Information given: Begin

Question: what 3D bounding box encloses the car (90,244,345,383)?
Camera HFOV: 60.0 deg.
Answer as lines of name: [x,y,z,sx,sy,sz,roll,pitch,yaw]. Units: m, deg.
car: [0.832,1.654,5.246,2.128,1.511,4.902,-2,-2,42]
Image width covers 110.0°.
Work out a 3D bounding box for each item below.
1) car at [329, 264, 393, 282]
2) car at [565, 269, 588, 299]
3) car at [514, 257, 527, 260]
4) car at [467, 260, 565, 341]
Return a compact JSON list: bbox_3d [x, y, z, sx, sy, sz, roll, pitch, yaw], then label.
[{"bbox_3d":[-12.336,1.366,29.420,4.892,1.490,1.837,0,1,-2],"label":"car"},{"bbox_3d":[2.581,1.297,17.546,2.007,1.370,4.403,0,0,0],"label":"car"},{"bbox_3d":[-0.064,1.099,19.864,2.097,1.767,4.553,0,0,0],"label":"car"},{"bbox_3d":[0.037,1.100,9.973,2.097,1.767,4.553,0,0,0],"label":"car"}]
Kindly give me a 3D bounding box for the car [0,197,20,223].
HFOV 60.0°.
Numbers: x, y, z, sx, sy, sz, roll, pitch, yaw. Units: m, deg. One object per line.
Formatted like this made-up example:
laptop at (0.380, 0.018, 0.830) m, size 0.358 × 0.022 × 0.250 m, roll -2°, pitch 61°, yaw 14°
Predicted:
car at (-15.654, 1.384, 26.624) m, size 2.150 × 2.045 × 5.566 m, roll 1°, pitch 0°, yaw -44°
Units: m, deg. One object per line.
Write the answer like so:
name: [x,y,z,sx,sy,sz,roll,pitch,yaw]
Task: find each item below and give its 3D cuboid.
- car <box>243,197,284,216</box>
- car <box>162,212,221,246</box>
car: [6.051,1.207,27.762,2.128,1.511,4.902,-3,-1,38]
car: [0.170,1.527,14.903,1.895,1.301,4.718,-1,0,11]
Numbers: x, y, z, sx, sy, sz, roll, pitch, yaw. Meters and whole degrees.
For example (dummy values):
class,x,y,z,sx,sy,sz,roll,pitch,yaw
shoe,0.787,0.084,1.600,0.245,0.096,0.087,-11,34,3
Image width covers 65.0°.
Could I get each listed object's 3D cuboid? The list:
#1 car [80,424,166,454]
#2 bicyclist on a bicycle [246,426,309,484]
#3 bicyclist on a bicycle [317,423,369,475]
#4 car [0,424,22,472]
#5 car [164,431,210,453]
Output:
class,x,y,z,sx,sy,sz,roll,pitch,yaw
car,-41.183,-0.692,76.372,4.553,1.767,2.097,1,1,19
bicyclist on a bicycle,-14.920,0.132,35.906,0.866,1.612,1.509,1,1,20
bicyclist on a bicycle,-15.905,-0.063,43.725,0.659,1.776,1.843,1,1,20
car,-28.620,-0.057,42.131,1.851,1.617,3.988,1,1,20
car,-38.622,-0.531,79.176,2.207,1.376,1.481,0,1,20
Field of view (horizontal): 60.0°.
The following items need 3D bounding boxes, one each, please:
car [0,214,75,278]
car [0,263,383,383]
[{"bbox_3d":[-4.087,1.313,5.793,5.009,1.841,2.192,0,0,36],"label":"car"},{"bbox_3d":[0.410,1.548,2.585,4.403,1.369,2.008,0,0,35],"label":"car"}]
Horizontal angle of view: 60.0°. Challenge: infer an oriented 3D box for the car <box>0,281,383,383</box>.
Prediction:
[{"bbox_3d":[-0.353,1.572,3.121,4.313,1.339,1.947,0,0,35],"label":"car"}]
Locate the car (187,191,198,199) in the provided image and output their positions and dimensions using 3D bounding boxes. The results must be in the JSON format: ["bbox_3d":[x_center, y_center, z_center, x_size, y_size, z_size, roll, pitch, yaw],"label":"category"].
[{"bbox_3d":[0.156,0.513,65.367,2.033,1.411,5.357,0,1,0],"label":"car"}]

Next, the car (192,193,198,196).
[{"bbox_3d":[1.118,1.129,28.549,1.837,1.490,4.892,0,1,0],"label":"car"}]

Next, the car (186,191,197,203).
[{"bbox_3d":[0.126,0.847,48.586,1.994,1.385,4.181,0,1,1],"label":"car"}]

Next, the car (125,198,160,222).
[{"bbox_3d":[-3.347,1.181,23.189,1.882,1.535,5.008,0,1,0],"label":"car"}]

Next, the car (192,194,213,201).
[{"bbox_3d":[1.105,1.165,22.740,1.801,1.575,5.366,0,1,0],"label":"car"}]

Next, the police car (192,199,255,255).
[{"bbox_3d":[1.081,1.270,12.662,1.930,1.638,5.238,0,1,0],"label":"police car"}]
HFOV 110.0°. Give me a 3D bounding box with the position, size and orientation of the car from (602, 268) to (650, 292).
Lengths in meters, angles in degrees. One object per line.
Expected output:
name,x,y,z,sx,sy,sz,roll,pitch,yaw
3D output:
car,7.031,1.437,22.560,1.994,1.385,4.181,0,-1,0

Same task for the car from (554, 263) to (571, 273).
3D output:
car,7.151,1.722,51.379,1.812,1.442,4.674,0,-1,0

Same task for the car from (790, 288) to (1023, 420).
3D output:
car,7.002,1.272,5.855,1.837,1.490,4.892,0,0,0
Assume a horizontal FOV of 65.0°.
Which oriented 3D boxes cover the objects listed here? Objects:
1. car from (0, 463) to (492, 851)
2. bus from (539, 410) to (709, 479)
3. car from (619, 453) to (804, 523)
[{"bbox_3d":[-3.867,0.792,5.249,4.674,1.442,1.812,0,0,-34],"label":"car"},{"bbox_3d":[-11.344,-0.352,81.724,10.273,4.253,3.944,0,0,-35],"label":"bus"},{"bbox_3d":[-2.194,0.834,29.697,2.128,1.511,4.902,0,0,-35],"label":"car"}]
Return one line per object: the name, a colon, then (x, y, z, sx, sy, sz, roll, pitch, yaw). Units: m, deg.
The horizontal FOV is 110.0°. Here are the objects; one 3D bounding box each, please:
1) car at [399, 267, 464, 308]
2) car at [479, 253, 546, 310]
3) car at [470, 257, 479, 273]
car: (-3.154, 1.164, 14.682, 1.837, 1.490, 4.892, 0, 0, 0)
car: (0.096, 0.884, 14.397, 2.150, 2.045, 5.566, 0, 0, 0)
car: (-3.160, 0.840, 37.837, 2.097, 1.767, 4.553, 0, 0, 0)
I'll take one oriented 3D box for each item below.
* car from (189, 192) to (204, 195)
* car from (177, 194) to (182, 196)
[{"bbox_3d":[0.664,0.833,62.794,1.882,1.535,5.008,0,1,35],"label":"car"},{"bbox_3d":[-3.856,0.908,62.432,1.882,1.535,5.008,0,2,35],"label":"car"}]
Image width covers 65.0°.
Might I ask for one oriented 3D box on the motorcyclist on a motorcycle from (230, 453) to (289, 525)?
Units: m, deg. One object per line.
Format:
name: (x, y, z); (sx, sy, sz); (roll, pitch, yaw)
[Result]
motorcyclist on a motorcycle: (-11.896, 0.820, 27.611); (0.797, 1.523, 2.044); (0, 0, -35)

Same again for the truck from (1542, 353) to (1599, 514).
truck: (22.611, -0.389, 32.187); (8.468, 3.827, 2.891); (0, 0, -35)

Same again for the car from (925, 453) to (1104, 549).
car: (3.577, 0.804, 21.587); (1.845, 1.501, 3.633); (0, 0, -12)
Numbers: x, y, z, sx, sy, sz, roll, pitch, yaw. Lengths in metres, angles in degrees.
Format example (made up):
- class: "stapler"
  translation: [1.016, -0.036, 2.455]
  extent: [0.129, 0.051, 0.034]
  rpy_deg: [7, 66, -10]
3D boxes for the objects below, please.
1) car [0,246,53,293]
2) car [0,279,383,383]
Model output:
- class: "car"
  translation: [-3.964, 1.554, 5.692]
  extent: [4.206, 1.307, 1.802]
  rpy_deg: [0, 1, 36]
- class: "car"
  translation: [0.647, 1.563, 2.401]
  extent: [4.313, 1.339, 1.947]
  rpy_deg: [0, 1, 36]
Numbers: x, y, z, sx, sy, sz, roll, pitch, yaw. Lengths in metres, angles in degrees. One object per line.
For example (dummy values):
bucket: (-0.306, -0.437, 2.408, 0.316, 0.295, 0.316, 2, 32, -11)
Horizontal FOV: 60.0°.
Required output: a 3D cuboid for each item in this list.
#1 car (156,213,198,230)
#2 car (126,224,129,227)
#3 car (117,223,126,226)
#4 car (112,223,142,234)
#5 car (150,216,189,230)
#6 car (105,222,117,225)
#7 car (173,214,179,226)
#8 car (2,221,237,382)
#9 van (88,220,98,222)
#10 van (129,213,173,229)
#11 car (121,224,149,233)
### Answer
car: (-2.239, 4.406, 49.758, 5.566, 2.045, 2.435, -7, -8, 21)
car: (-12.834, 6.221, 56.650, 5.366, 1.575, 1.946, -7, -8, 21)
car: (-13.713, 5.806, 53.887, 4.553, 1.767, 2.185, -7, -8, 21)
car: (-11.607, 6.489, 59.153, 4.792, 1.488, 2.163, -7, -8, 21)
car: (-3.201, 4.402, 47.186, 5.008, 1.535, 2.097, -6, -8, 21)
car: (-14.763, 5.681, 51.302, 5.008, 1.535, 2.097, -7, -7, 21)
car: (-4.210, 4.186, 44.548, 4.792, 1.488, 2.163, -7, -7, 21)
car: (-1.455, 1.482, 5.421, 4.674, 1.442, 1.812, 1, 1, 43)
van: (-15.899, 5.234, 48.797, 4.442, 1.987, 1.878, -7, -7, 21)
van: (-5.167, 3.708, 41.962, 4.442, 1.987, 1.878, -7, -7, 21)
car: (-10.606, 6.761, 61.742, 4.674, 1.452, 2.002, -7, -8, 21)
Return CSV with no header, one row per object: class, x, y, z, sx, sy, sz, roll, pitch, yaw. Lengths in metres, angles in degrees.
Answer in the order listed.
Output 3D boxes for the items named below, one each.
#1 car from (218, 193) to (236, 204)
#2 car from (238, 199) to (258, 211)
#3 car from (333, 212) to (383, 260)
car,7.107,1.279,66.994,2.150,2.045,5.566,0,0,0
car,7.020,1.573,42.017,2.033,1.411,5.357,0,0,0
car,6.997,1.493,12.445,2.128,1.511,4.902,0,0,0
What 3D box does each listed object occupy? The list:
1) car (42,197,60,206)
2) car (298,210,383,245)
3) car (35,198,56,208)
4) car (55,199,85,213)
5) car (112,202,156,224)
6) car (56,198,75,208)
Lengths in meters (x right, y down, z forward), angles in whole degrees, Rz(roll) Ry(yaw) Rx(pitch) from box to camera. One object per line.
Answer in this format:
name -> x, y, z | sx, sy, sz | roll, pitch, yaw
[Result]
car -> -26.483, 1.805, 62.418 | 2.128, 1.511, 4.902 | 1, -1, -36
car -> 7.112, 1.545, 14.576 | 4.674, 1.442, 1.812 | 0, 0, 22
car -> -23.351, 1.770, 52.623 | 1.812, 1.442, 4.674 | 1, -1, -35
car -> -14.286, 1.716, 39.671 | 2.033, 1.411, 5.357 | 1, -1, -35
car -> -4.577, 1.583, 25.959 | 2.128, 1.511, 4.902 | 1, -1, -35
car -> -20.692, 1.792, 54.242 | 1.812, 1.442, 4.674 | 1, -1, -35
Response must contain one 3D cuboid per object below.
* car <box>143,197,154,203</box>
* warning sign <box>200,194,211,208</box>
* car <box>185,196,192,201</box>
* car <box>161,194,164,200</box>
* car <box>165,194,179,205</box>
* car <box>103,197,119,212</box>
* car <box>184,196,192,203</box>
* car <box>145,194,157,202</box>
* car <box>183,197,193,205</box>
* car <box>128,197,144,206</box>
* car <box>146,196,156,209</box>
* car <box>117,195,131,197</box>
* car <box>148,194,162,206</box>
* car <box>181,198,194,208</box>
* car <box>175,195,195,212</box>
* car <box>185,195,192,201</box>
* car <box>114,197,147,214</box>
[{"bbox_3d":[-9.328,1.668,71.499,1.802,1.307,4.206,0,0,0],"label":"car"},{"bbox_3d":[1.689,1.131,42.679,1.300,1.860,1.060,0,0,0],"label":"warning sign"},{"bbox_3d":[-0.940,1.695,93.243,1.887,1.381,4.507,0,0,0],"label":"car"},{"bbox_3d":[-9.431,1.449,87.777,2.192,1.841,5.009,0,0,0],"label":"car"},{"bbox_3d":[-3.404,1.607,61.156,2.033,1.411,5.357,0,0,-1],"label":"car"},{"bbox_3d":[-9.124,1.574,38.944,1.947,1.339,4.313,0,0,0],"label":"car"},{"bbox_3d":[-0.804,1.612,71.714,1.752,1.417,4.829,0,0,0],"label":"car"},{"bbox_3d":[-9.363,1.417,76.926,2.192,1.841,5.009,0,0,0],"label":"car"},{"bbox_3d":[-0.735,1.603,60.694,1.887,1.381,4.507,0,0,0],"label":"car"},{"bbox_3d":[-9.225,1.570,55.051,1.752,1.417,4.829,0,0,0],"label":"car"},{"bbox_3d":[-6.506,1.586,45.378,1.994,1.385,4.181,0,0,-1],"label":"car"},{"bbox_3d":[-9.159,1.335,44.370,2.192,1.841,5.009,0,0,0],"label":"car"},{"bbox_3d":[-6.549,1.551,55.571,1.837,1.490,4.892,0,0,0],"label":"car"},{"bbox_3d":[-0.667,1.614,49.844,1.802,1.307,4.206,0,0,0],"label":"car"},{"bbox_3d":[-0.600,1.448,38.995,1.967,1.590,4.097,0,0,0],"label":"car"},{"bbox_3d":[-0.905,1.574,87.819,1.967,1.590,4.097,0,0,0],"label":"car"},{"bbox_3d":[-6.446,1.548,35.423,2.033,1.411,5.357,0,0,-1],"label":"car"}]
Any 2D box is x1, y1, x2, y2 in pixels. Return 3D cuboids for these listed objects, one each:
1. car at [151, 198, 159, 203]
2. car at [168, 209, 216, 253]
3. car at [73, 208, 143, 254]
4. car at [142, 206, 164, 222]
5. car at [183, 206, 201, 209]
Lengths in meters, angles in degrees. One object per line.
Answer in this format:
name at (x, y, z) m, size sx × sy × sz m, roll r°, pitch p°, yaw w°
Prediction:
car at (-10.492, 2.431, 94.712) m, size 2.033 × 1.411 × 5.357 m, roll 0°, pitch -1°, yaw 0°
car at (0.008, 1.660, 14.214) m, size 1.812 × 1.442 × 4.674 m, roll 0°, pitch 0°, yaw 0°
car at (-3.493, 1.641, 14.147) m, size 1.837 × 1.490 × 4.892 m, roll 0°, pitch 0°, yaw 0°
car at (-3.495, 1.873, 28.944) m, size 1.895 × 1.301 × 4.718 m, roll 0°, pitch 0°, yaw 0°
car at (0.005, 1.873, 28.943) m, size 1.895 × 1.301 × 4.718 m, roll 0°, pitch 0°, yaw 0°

Information given: End

* **Exercise objective**
Determine how many lines above contain "view" as a word or string. Give the number alone.

* **Answer to the problem**
2